** GIVEN DATA follows **
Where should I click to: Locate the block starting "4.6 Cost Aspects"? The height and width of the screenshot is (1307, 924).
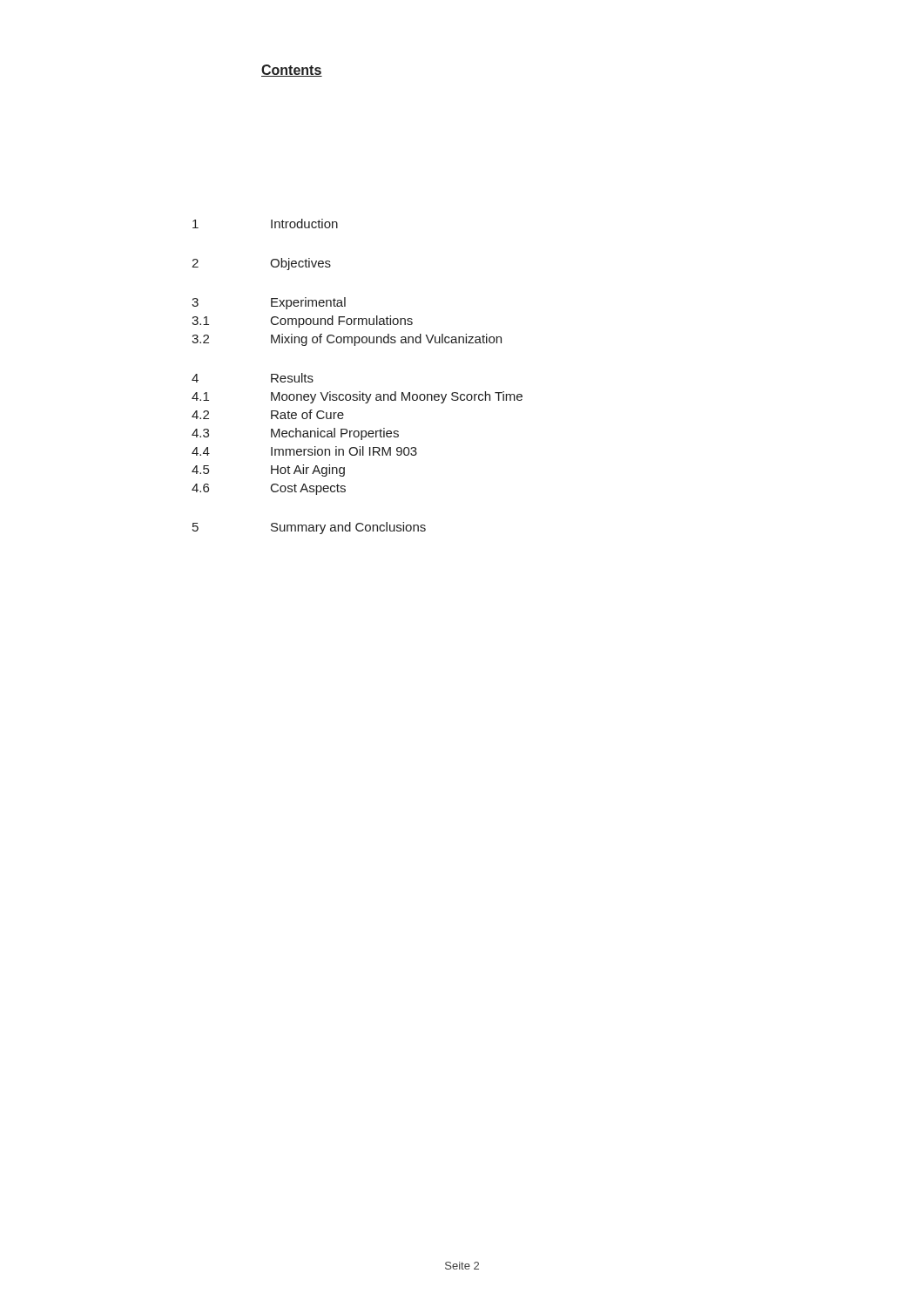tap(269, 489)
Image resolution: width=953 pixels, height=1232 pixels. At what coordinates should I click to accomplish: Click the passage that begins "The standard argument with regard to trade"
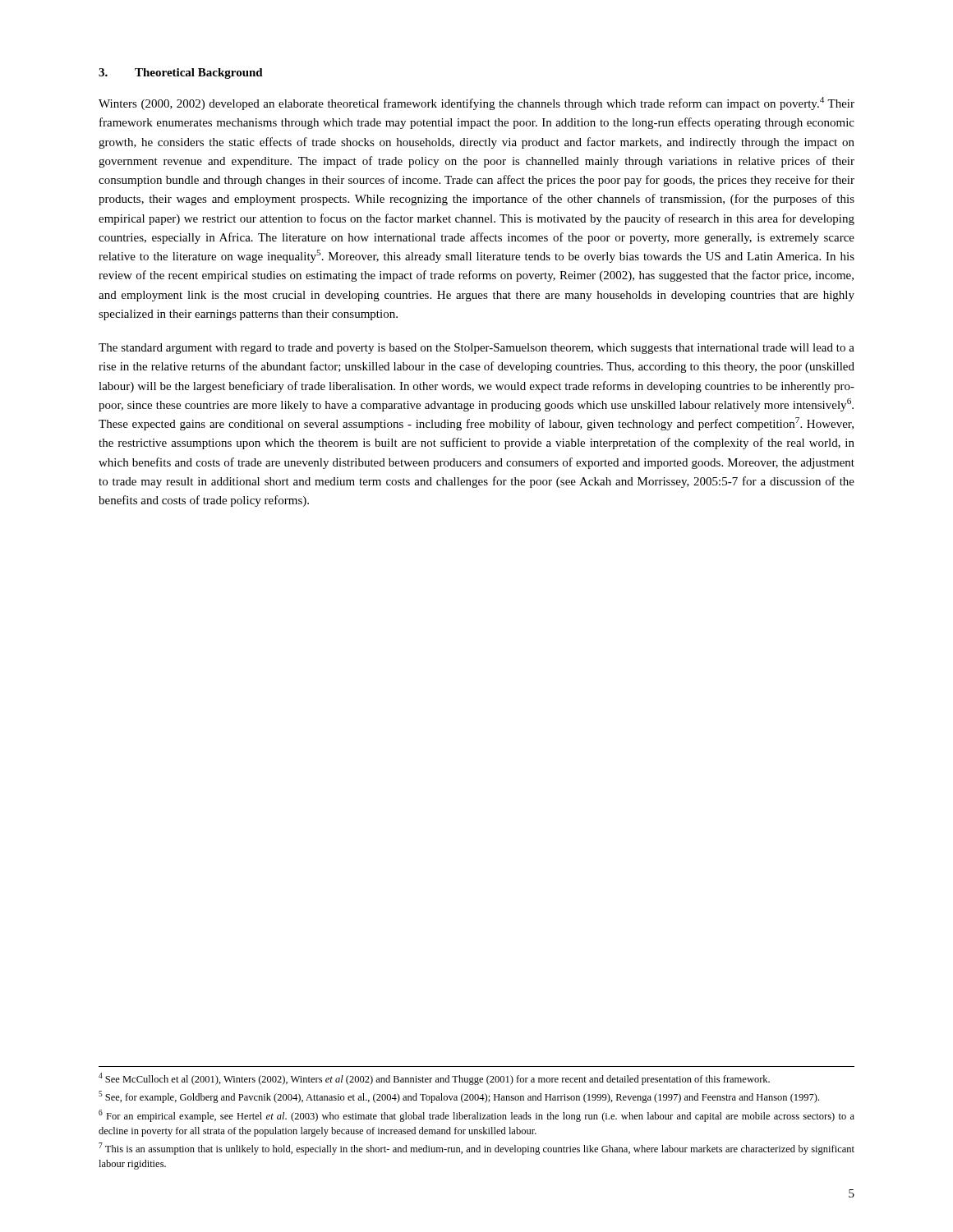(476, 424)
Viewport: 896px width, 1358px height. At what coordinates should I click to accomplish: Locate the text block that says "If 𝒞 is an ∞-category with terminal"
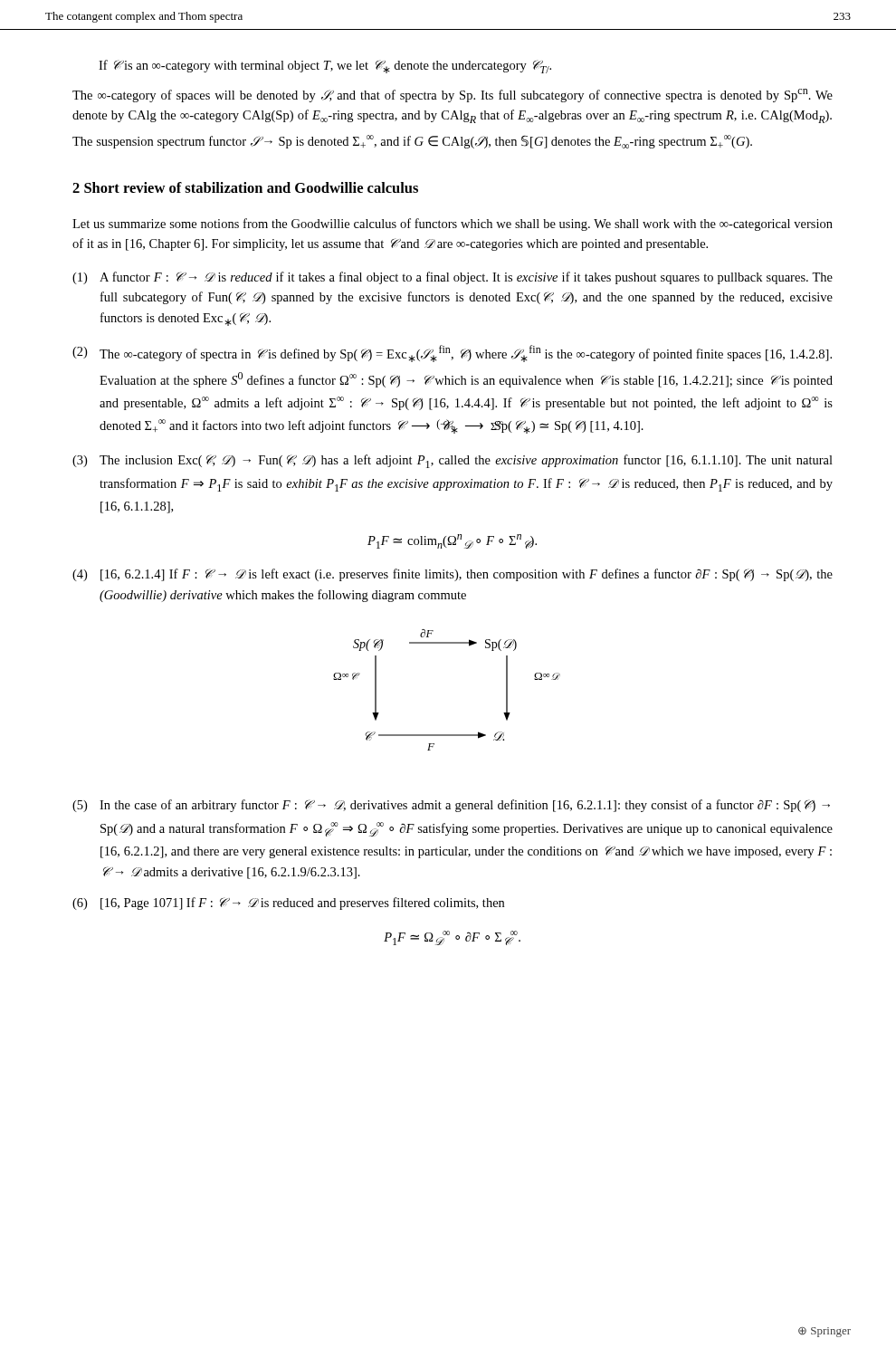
** End of GIVEN DATA **
# [WORK REQUEST]
Only the pictures may be dropped when you copy the data above; everything else stays exact.

# [RESPONSE TO THIS TASK]
Where should I click to: Locate the block starting "4.6 Cost Aspects"? The height and width of the screenshot is (1307, 924).
tap(269, 489)
Image resolution: width=953 pixels, height=1232 pixels. At what coordinates should I click to accomplish: Click the passage that begins "The standard argument with regard to trade"
(476, 424)
Viewport: 896px width, 1358px height. At what coordinates should I click to accomplish: Locate the text block that says "If 𝒞 is an ∞-category with terminal"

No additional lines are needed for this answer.